The described study aims to develop an ex vivo process to study the metabolic activity and adipogenesis of human ASCs derived from patients with type II diabetes mellitus to determine viability within the tissue engineering field. The ASCs are assessed within a hollow fiber–based bioreactor under three-dimensional dynamic perfusion to function as a potential model for drug therapy, specifically type II diabetes mellitus. The presented work includes the analysis and comparison of metabolic behavior and functionality of human ASCs isolated from adult patients with type II diabetes and non-diabetic patients.

Materials and methods

Adipose stem cell isolation

Adipose tissue was harvested from the abdominal depots of type II diabetic female patients (39 and 62 years old, body mass index (BMI) of 27.4 and 32.0, respectively) and from female patients without diabetes (55 and 25 years old, BMIs of 25.5 and 28.6, respectively), all undergoing elective plastic surgery at the University of Pittsburgh Medical Center in Pittsburgh, PA, USA. Tissue was collected under a human studies exempt protocol approved by the University of Pittsburgh Institutional Review Board (IRB). The University of Pittsburgh waived the need for written informed consent from the participants under an exempt review and approval process. De-identified specimens were obtained from discarded surgical tissue under an approved process that did not require subjects to provide written or verbal informed consent. Samples were not pooled between diabetic and non-diabetic patients rather; cells from two separate diabetic samples were combined in one instance to provide sufficient number of cells required for optimal inoculation and cell-to-cell communication within the bioreactor (Table 1, Bioreactor 4). Non-diabetic patients were not prediabetic and did not have insulin resistance at time of adipose tissue harvesting.

Table 1.

Patient age, gender and BMI relative to diabetic state at time of ASC isolation used for bioreactors.a

Bioreactor Patient age (years) Gender BMI Diabetic? Patient Cell passage
1 35 Female 28.6 No 1 3
2 55 Female 25.5 No 2 3
3 55 Female 25.5 No 2 3
4 62 Female 32.0 Yes 3 5
4 39 Female 27.4 Yes 4 5
5 39 Female 27.4 Yes 4 5
6 39 Female 27.4 Yes 4 5

BMI: body mass index; ASC: adipose-derived stem cell.

a

Two patients had diabetes at time of ASC isolation and two patients did not have diabetes at time of ASC isolation. Three bioreactors were seeded with ASCs isolated from the diabetic patients, and three bioreactors were seeded with ASCs acquired from the non-diabetic patients.

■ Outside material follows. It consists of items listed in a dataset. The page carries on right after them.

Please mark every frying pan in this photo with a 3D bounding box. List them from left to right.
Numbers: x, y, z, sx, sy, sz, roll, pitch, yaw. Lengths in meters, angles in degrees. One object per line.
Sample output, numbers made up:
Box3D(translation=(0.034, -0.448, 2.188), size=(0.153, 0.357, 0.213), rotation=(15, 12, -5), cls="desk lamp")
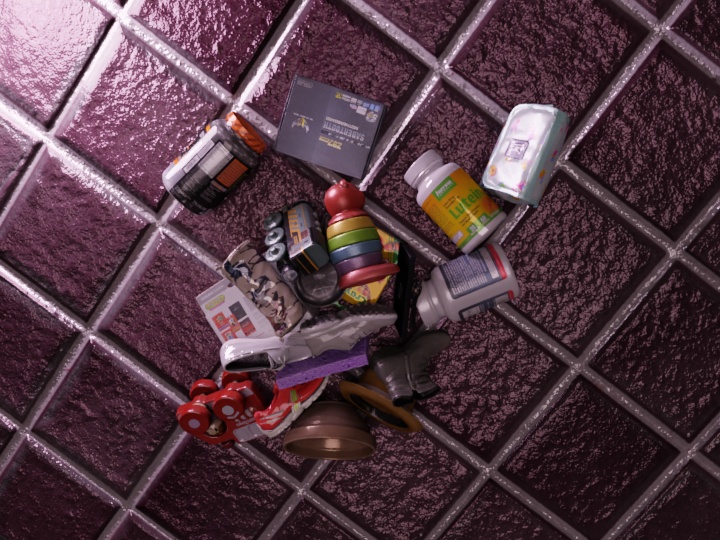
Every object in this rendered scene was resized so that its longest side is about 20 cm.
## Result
Box3D(translation=(-0.066, -0.017, 1.062), size=(0.114, 0.031, 0.191), rotation=(26, 83, 8), cls="frying pan")

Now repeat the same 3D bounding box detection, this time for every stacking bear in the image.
Box3D(translation=(-0.015, -0.074, 1.017), size=(0.113, 0.121, 0.202), rotation=(-13, 84, -20), cls="stacking bear")

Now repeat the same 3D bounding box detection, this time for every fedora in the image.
Box3D(translation=(0.052, 0.266, 1.104), size=(0.200, 0.201, 0.082), rotation=(31, 65, 0), cls="fedora")

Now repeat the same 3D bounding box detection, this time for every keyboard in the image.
Box3D(translation=(0.094, 0.053, 1.041), size=(0.020, 0.127, 0.202), rotation=(-5, 122, -12), cls="keyboard")

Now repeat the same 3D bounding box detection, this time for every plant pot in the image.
Box3D(translation=(-0.065, 0.340, 1.115), size=(0.199, 0.201, 0.093), rotation=(-2, 58, 5), cls="plant pot")

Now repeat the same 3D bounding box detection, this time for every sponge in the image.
Box3D(translation=(-0.077, 0.186, 1.105), size=(0.198, 0.112, 0.030), rotation=(-16, 110, 6), cls="sponge")

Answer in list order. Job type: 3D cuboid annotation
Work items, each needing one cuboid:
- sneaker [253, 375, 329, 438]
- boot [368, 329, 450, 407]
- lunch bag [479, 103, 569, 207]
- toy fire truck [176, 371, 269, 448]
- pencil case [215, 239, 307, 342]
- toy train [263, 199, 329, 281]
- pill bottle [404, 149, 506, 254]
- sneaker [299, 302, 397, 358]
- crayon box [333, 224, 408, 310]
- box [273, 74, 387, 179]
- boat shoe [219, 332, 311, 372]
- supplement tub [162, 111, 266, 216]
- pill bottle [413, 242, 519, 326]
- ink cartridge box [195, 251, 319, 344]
Box3D(translation=(-0.144, 0.262, 1.110), size=(0.085, 0.077, 0.200), rotation=(47, 70, -3), cls="sneaker")
Box3D(translation=(0.125, 0.203, 1.055), size=(0.198, 0.131, 0.068), rotation=(-17, 134, -23), cls="boot")
Box3D(translation=(0.309, -0.213, 0.975), size=(0.121, 0.200, 0.172), rotation=(23, 100, 1), cls="lunch bag")
Box3D(translation=(-0.295, 0.324, 1.153), size=(0.199, 0.112, 0.169), rotation=(-23, 114, 8), cls="toy fire truck")
Box3D(translation=(-0.190, 0.042, 1.026), size=(0.089, 0.078, 0.200), rotation=(-41, 93, -10), cls="pencil case")
Box3D(translation=(-0.129, -0.065, 1.045), size=(0.113, 0.201, 0.085), rotation=(-27, 131, 10), cls="toy train")
Box3D(translation=(0.183, -0.141, 1.033), size=(0.111, 0.111, 0.200), rotation=(-43, 81, 9), cls="pill bottle")
Box3D(translation=(-0.020, 0.122, 1.061), size=(0.198, 0.075, 0.083), rotation=(-13, 107, -2), cls="sneaker")
Box3D(translation=(0.000, 0.000, 1.105), size=(0.126, 0.051, 0.201), rotation=(29, 100, -1), cls="crayon box")
Box3D(translation=(-0.062, -0.291, 1.068), size=(0.198, 0.051, 0.159), rotation=(20, 100, 1), cls="box")
Box3D(translation=(-0.181, 0.172, 1.049), size=(0.198, 0.069, 0.073), rotation=(3, 122, -19), cls="boat shoe")
Box3D(translation=(-0.295, -0.219, 1.060), size=(0.200, 0.123, 0.123), rotation=(-42, 93, 8), cls="supplement tub")
Box3D(translation=(0.208, 0.034, 1.059), size=(0.199, 0.120, 0.120), rotation=(-23, 96, 7), cls="pill bottle")
Box3D(translation=(-0.219, 0.076, 1.115), size=(0.199, 0.084, 0.176), rotation=(-31, 95, 7), cls="ink cartridge box")
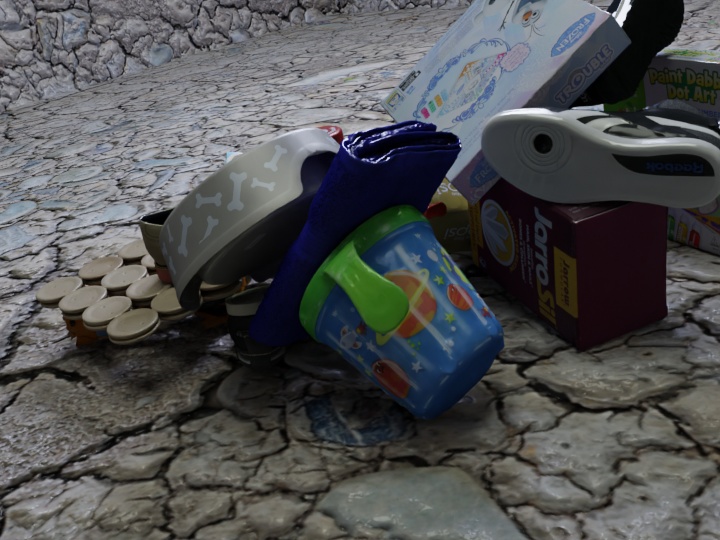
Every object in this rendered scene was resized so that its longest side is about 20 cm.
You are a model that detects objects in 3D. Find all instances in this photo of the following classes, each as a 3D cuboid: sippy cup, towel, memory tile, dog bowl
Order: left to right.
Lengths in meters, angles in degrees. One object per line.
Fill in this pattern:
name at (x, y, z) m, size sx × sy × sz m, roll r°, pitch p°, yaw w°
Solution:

Abdominal adipose tissue was placed in 50-mL centrifuge tubes at 10 g per tube and soaked in 1 mg/mL of freshly prepared collagenase (Type II collagenase; Worthington Biochemical Product Catalog; Lakewood, NJ, USA). The tissue was finely minced, vortexed, and shaken at 37°C for 35 min until a fatty supernatant layer became apparent. Tubes were again vortexed and filtered through double-layered gauze (J&J Steri-Pad Gauze Pads; New Brunswick, NJ, USA) into sterile 50-mL centrifuge tubes. Digested specimens were then centrifuged at 1000 r/min (6449 × g), 4°C for 10 min, fatty layers aspirated, and the resulting pellets suspended in erythrocyte lysing buffer. The solution was once again centrifuged at 1000 r/min (6449 × g), 4°C for 10 min, and the pellet, containing the stromal vascular fraction, was resuspended in Dulbecco’s modified Eagle’s medium (DMEM/F12) with 10% v/v fetal bovine serum and 1% v/v penicillin/streptomycin, plated, and stored at 37°C at 5% CO2. Cells were expanded in two dimensions using growth medium with low serum (Promocell Preadipocyte Growth Medium; Heidelberg, Germany), passaged at confluency, and characterized as previously described by our laboratory report.14

Bioreactor inoculation

The bioreactors are prototyped by Stem Cell Systems (Berlin, Germany) and contain three independent hollow fiber membrane systems, interwoven into repetitive subunits, forming a cell compartment that houses 8.0 × 107 cells with a volume of 8 mL (Figure 1). The capillary network serves three functions: cell oxygenation/carbon dioxide removal, medium inflow, and medium outflow via counter-current flow operation of two independent membrane systems. As a result of interweaving and high-performance mass exchange via counter-current medium flow operation, decentralized gas supply and medium exchange with low gradients is provided to the cultures. The medium fiber membrane systems are made of polyethersulfone capillary systems (Membrana, Wuppertal, Germany) with a molecular weight cutoff of 400,000 g/mol and gas is supplied by hydrophobic multi-laminate hollow fiber membrane systems (MHF; Mitsubishi, Tokyo, Japan).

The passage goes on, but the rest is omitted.